Key Findings for Claude’s Web Fetch Tool, Raw

Test Workflow

Call Claude’s API with the web fetch tool enabled
Give Claude a minimal prompt, just enough to trigger the fetch
Claude fetches page, but not asked to interpret or describe it
Extract the raw content directly from the web_fetch_tool_result block in the response object
Run analysis in Python: character counts, CSS indicator detection, boilerplate estimation,
truncation detection
Results saved to claude-api/results/

Finding	Detail
CSS indicators: 0 across all tests	API tool strips CSS effectively before content reaches the LLM. Unlike Claude Code, choked by inline CSS, no CSS indicators appeared in any test, including the short HTML page that broke Claude Code entirely.
Boilerplate still significant	Short HTML: 81% boilerplate before the first heading. Long HTML: 97.5%. Nav menus, image links, product listings consume the majority of the content budget before any docs appear.
Markdown dramatically reduces boilerplate	Short HTML: 25,925 chars, first heading at char 21,009 - 81% boilerplate. Short Markdown: 6,024 chars, first heading at char 314 - 5.2% boilerplate.

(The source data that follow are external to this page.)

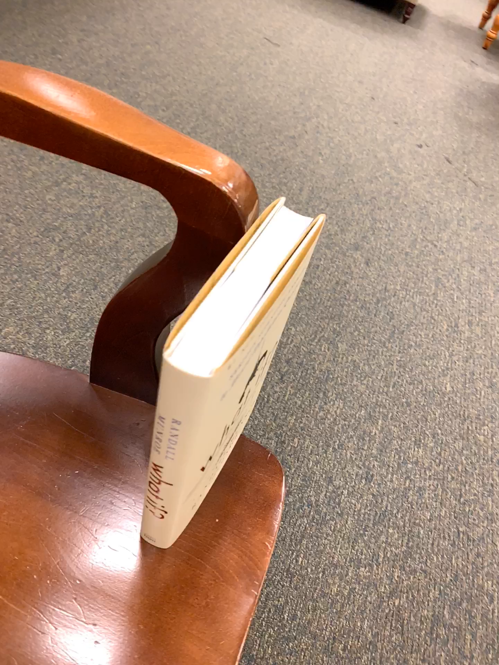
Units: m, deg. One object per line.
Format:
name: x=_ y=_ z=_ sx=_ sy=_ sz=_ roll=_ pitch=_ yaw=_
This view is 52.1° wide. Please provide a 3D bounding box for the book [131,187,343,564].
book: x=-0.015 y=0.040 z=0.396 sx=0.050 sy=0.239 sz=0.188 roll=25 pitch=47 yaw=8
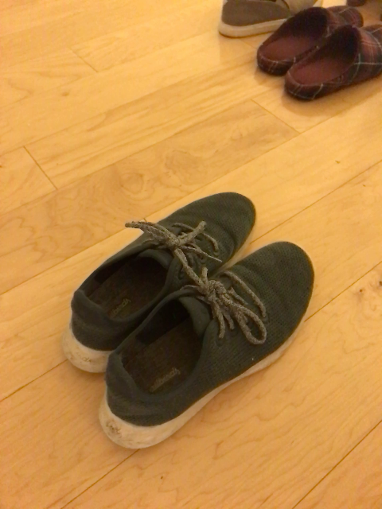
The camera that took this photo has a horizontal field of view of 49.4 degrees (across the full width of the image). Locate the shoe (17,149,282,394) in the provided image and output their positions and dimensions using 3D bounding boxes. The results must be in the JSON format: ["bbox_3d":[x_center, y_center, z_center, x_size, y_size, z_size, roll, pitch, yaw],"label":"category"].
[{"bbox_3d":[-0.032,0.006,0.505,0.100,0.099,0.311,37,61,25],"label":"shoe"}]

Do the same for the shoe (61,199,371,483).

Serving Markdown reduces total content by 77% and moves the first heading 98% earlier.
`max_content_tokens` truncation approximate	Setting `max_content_tokens=5000` reduced content from 20,696 to 17,186 chars, not 5,000. Consistent with the API docs noting the parameter is approximate, but the margin is substantial.
`max_content_tokens` truncates mid-content	Fourth test ends with `/docs/current`, a mid-URL cutoff. Truncation isn’t clean and can occur inside a token, not at a sentence or element boundary.
Truncation limit undocumented	Third test with no `max_content_tokens` set still truncated at 20,696 chars, ending mid-word, last char: `'e'`. This suggests a default limit exists even with the parameter omitted, but it isn’t mentioned in the API docs.